Data extracted from a collection:
══════

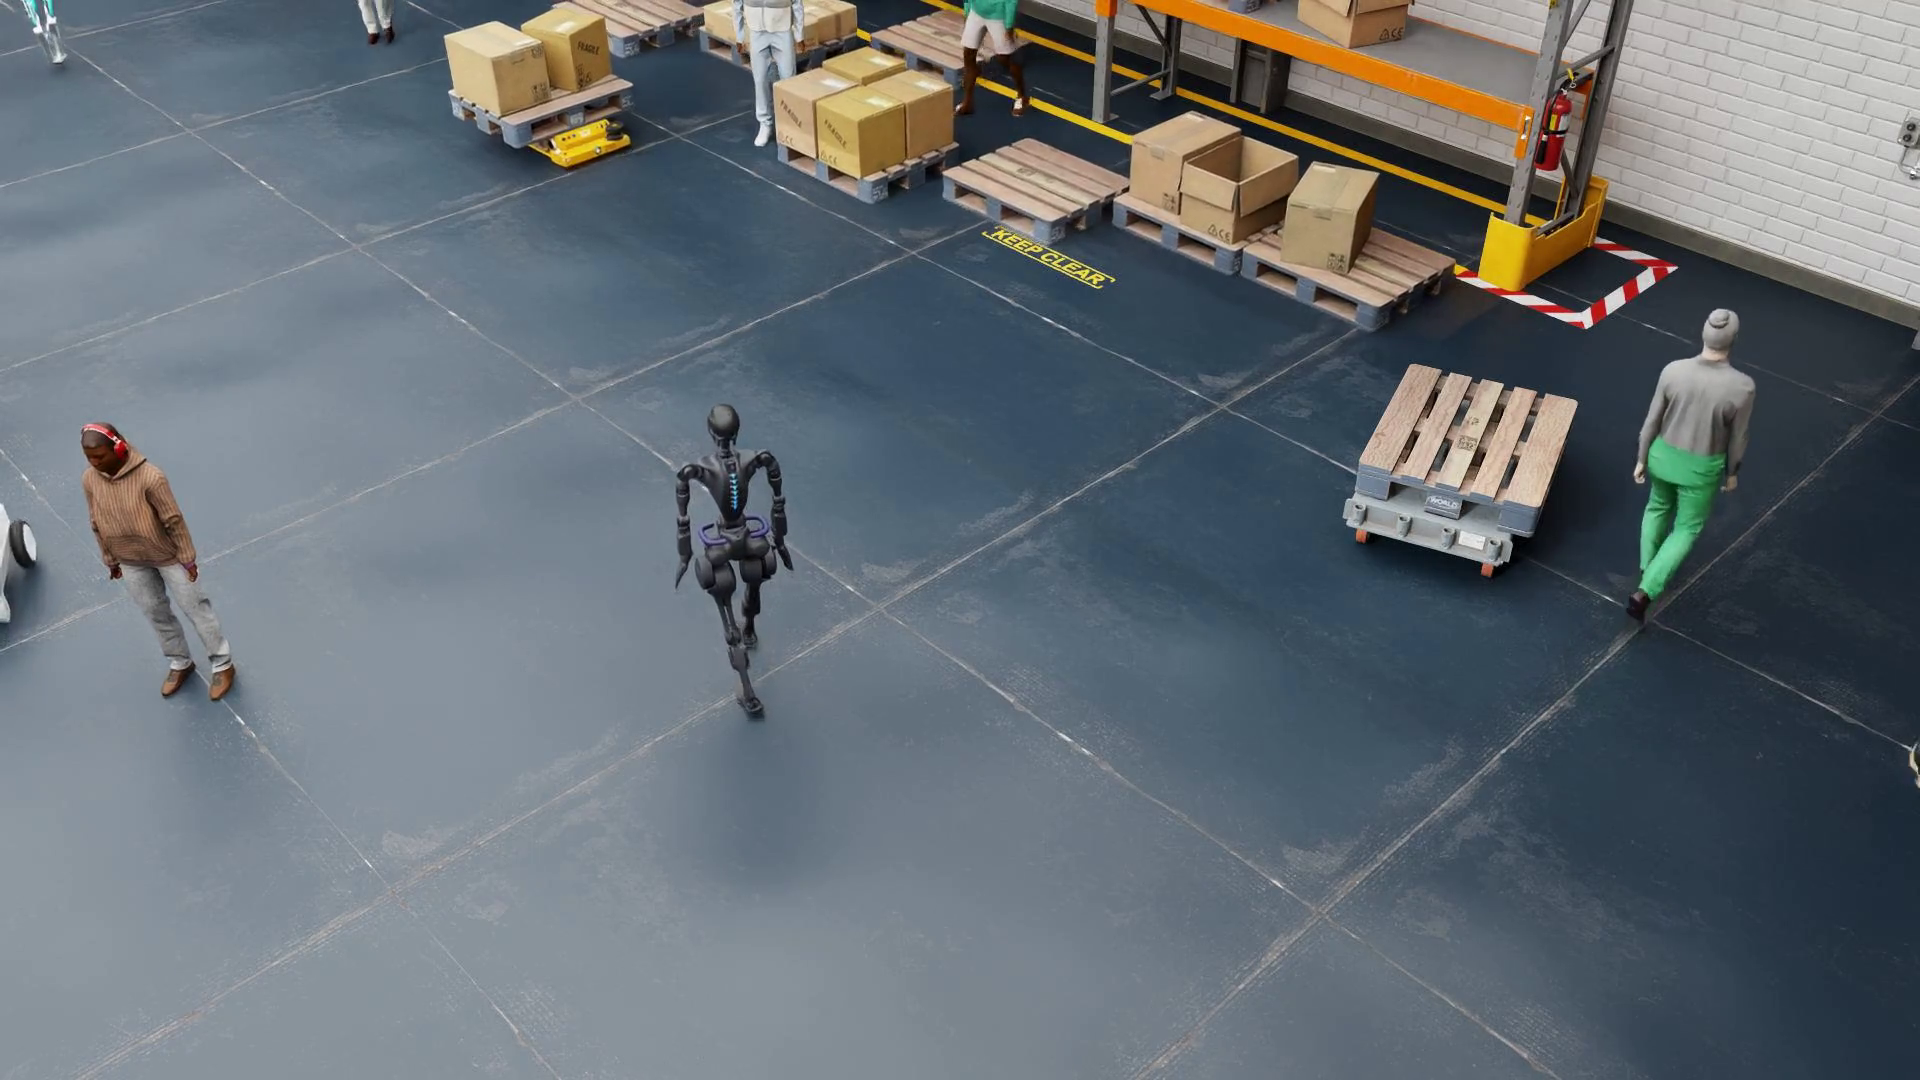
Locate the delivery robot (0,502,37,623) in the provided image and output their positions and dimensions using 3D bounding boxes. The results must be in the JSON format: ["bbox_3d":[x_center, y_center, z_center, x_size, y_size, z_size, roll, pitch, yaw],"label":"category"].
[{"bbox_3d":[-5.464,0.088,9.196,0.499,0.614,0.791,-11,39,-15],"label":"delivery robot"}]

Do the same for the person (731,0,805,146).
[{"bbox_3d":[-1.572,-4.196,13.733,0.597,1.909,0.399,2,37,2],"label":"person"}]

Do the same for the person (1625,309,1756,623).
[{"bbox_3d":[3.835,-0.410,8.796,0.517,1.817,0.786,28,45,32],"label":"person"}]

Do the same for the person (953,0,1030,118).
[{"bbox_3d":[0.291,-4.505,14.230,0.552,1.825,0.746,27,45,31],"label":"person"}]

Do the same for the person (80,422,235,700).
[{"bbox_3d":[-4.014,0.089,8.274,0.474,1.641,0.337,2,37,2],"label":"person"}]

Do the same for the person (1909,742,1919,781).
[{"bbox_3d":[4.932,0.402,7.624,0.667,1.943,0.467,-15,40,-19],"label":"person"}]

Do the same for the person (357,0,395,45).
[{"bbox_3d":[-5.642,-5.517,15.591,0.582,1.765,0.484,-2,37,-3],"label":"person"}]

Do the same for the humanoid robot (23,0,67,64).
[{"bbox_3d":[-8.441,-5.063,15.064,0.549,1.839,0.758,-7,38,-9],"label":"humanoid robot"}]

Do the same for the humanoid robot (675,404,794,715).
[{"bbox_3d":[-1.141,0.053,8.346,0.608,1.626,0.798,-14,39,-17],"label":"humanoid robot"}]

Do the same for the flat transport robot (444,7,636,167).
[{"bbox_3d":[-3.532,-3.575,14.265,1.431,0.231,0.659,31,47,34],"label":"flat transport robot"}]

══════

Starting at the line with "Do the same for the person (80,422,235,700).", copy every line down to the last one above, exactly as written and with nothing else.

Do the same for the person (80,422,235,700).
[{"bbox_3d":[-4.014,0.089,8.274,0.474,1.641,0.337,2,37,2],"label":"person"}]

Do the same for the person (1909,742,1919,781).
[{"bbox_3d":[4.932,0.402,7.624,0.667,1.943,0.467,-15,40,-19],"label":"person"}]

Do the same for the person (357,0,395,45).
[{"bbox_3d":[-5.642,-5.517,15.591,0.582,1.765,0.484,-2,37,-3],"label":"person"}]

Do the same for the humanoid robot (23,0,67,64).
[{"bbox_3d":[-8.441,-5.063,15.064,0.549,1.839,0.758,-7,38,-9],"label":"humanoid robot"}]

Do the same for the humanoid robot (675,404,794,715).
[{"bbox_3d":[-1.141,0.053,8.346,0.608,1.626,0.798,-14,39,-17],"label":"humanoid robot"}]

Do the same for the flat transport robot (444,7,636,167).
[{"bbox_3d":[-3.532,-3.575,14.265,1.431,0.231,0.659,31,47,34],"label":"flat transport robot"}]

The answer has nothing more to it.